When we held our petite princess in our hands little did we realize this soft and tender bundle of joy would have to tread a thorn-ridden and rocky terrain when the vista of life unraveled before her.  Our princess was a healthy and robust baby of 3.75 kg at birth and had a lot of surprises in store for my husband Amar, and me. 

I had shifted to Kolkata from Delhi and joined the Foreign Department of State Bank of India in Park Street. We organized a care-taker for our baby who was now keeping us enthralled with her galloping milestones. By about six months she was sitting, having skipped the crawling stage, and in about 8 months she could stand, holding on to something. She had also started babbling and saying words before her tenth month. She had not teethed yet and I remember the humorous incident when I went to her pediatrician Dr. Chatterjee, a renowned and enormously respected doctor in Kolkata.

Sugar-coated Milestones

I challenged him that our daughter’s milestones were rapid and yet she had not cut her tooth, while other children her age had long since cut their first tooth. When I expressed my concern, he asked me, “Have you ever seen a human being without teeth?” and that shut me up! She cut her first tooth after she had started walking and talking, well beyond her first year!

By her tenth month, she was walking a few steps and when she was a year old, she was walking and running and was already speaking full sentences! Amar and I were so wonderstruck, watching her extraordinary milestones that we were not surprised when he taught her name of things and colors successfully, even before she was one. And the most magnificent milestone was that by the time she was about 15 months, she could count from 1 to 100 in three languages in ascending and descending order and knew about 25 nursery rhymes which we promptly recorded!

We were so engrossed watching her grow that we did not think these were unusually rapid milestones for a child and that she had powerful cognitive capabilities, including remarkably advanced memory, strong intuition and probably ESP (extra-sensory perception)!

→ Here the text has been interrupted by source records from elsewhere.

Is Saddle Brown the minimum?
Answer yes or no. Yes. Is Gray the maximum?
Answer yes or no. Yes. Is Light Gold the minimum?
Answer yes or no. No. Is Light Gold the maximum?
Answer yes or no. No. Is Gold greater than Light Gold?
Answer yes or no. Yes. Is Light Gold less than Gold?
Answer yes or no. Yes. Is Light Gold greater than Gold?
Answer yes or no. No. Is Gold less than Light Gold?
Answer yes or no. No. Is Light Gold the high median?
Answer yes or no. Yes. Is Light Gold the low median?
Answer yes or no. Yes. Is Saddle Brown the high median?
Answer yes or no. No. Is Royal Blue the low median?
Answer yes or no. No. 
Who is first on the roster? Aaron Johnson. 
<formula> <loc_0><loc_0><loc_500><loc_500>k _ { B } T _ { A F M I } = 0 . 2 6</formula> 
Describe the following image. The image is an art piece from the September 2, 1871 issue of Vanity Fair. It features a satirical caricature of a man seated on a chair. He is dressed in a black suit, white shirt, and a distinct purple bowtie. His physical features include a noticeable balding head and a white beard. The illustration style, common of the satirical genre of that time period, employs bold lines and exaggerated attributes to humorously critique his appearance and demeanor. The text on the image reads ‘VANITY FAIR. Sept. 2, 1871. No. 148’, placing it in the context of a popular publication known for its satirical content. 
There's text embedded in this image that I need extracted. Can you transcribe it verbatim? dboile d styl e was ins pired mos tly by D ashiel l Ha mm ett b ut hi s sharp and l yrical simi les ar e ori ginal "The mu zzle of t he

If only life had been a little kinder to this extraordinary infant, she would have turned out to be different! For an infant endowed with advanced perceptive abilities, over- excitabilities and memory power that stored up everything she could see, hear, feel and perceive, raging storms that constantly blew in her young life, created by external circumstances, made her dodder under the burden of the punishing rigors her small brain could process.

Alongside these amazing milestones, we also discovered that the hot and humid climate of the city of Kolkata did not suit her. She developed constant chest congestion, colds and fevers and had to be put on a course of antibiotics almost every month. We also brought a live-in care-taker from Chennai and shifted our residence to a new area. By the time our baby was two we put her in a school which was just about a hundred meters from our home.

This was because Niky, as we fondly called her, was already reading ladybird storybooks and we thought it would be a great idea to start her early.  We were under an illusion that we had fairly settled down into a routine when we were in for the rudest shock that would awaken us to the stark realities of life!

I have chosen to write about the experiences that we as a family was subjected to if only to give the backdrop of how childhood trauma may lead to extreme stress in extraordinarily perceptive children and probably trigger autoimmune conditions like type 1 diabetes, rheumatoid arthritis, etc. The interplay of Nature and Nurture indeed has a role in personality development as well as in our physical and mental well-being!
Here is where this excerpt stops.